BEFORE PUBLIC LAW BOARD NO. 6621
BROTHERHOOD OF MAINTENANCE OF WAY EMPLOYEES
UNION PACIFIC RAILROAD COMPANY
Case No. 32
Statement of Claim
: Claim of the System Committee of the Brotherhood that:
1. The discipline (withheld from service and subsequent dismissal) imposed upon
Mr. R.J. Emery for alleged violation of Section IX (Refusal to Permit Testing of
the Union Pacific Drug and Alcohol Policy), in connection with charges leveled
against him under letter dated March 27, 2001, was arbitrary, capricious,
unwarranted and in violation of the Agreement [Carrier's File 12279991-D SPW).

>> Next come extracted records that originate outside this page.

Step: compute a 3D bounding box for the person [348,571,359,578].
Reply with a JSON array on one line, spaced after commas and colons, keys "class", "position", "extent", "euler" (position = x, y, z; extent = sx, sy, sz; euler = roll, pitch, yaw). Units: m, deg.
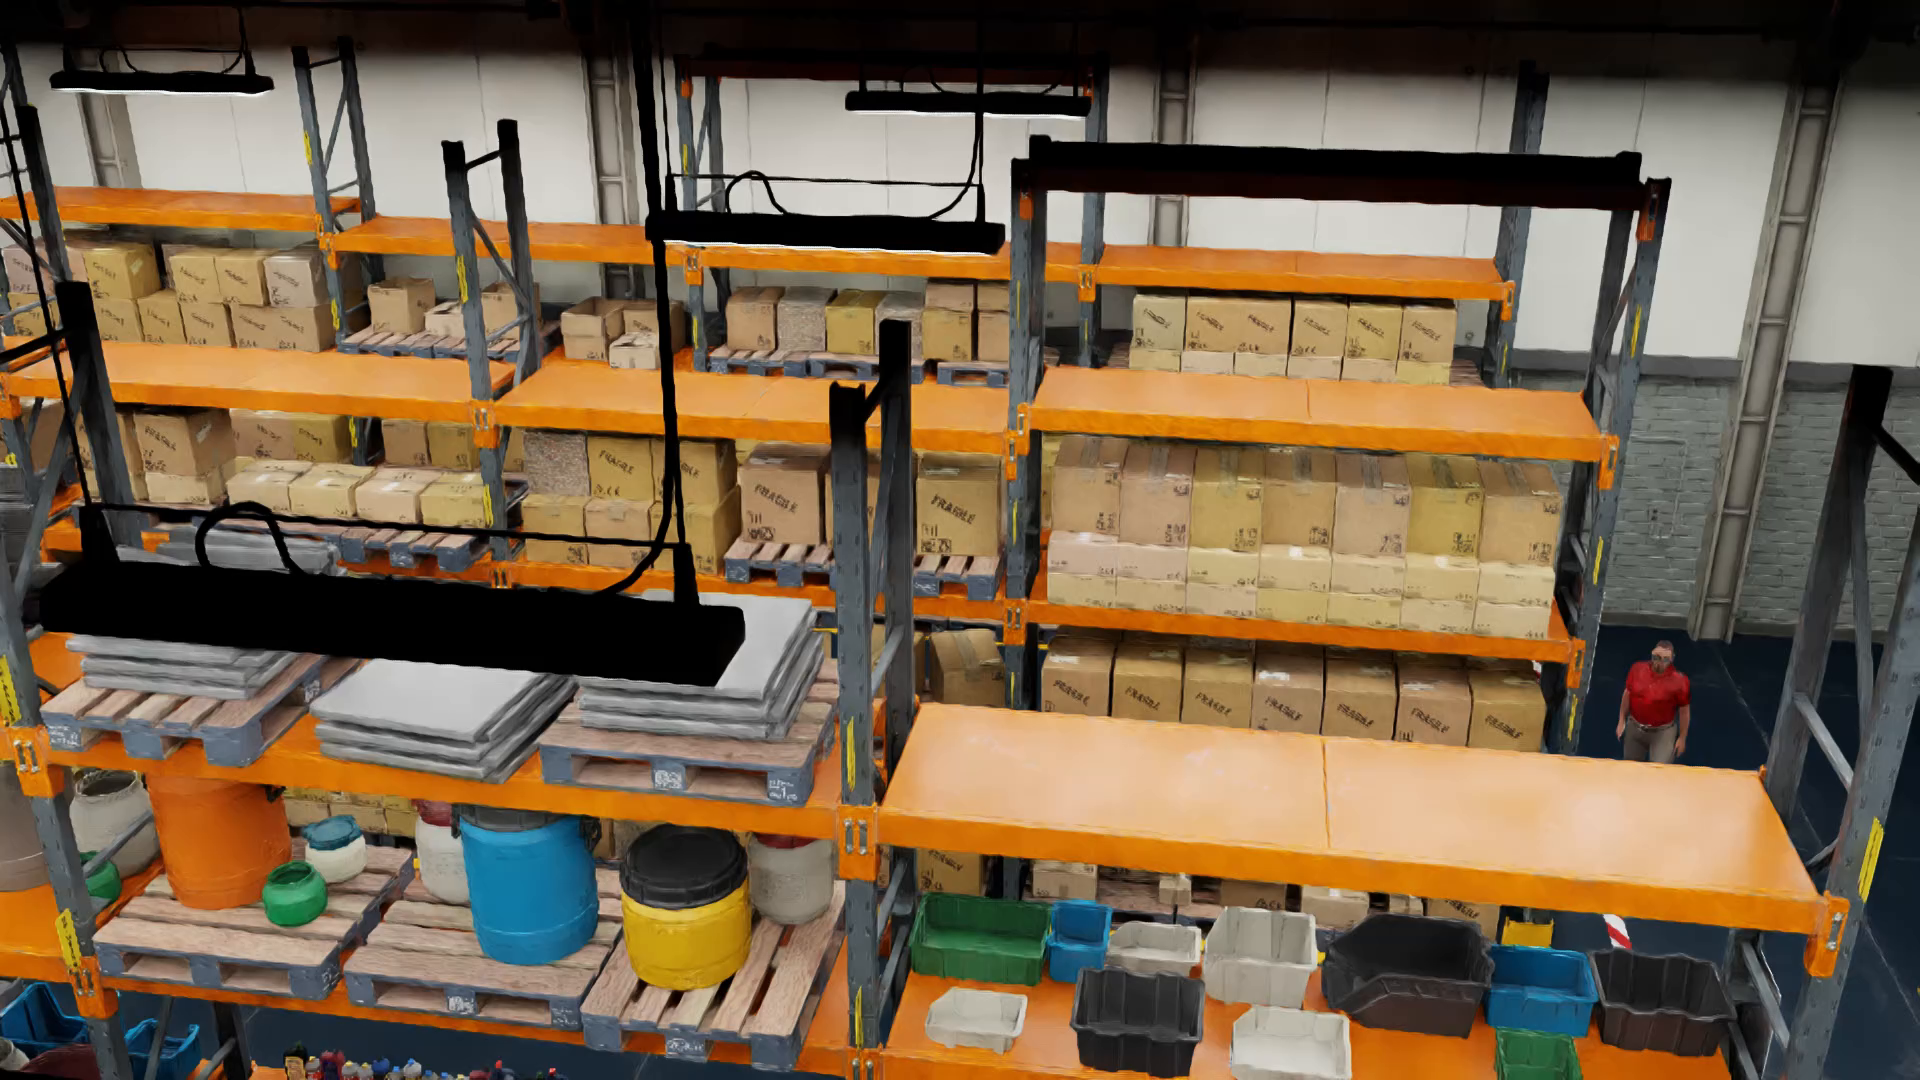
[{"class": "person", "position": [-6.312, 0.527, 17.022], "extent": [1.017, 1.605, 0.445], "euler": [0, 23, 1]}]

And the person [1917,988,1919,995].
[{"class": "person", "position": [7.288, 2.702, 11.719], "extent": [0.568, 1.755, 0.744], "euler": [-19, 29, -37]}]

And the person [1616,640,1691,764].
[{"class": "person", "position": [5.946, 1.649, 14.249], "extent": [0.584, 1.719, 0.772], "euler": [-20, 30, -39]}]

2. As a consequence of the violation referred to in Part (1) above, Mr. R.J. Emery
shall now `. . . be reinstated to the service of the Carrier to his former position
with seniority and all other rights restored unimpaired, compensated for all wages
(straight time and overtime) and benefit loss suffered by him, including but not
limited to medical and/or insurance premium costs for the Claimant and his
family beginning on the date the Claimant was dismissed and continuing,
compensated the time associated with Claimant coming into the office to attend
his investigation, along with any mileage expense associated with his travel to
Salt Lake City to attend his investigation, and the alleged charge(s) be expunged
from his personal record.'
Background
:
Claimant R.J. Emery, a track inspector with 21 years' seniority, seriously injured both of
his knees when a section foreman crushed between two hi-railers in 1997. Even after multiple
surgeries on both knees, his right knee kept sticking and the left one repeatedly gave way
unexpectedly. Although his knees required him to miss work on several occasions after the
original injury, the Carrier did not require him to complete any additional accident reports
because of the ongoing nature of the injury.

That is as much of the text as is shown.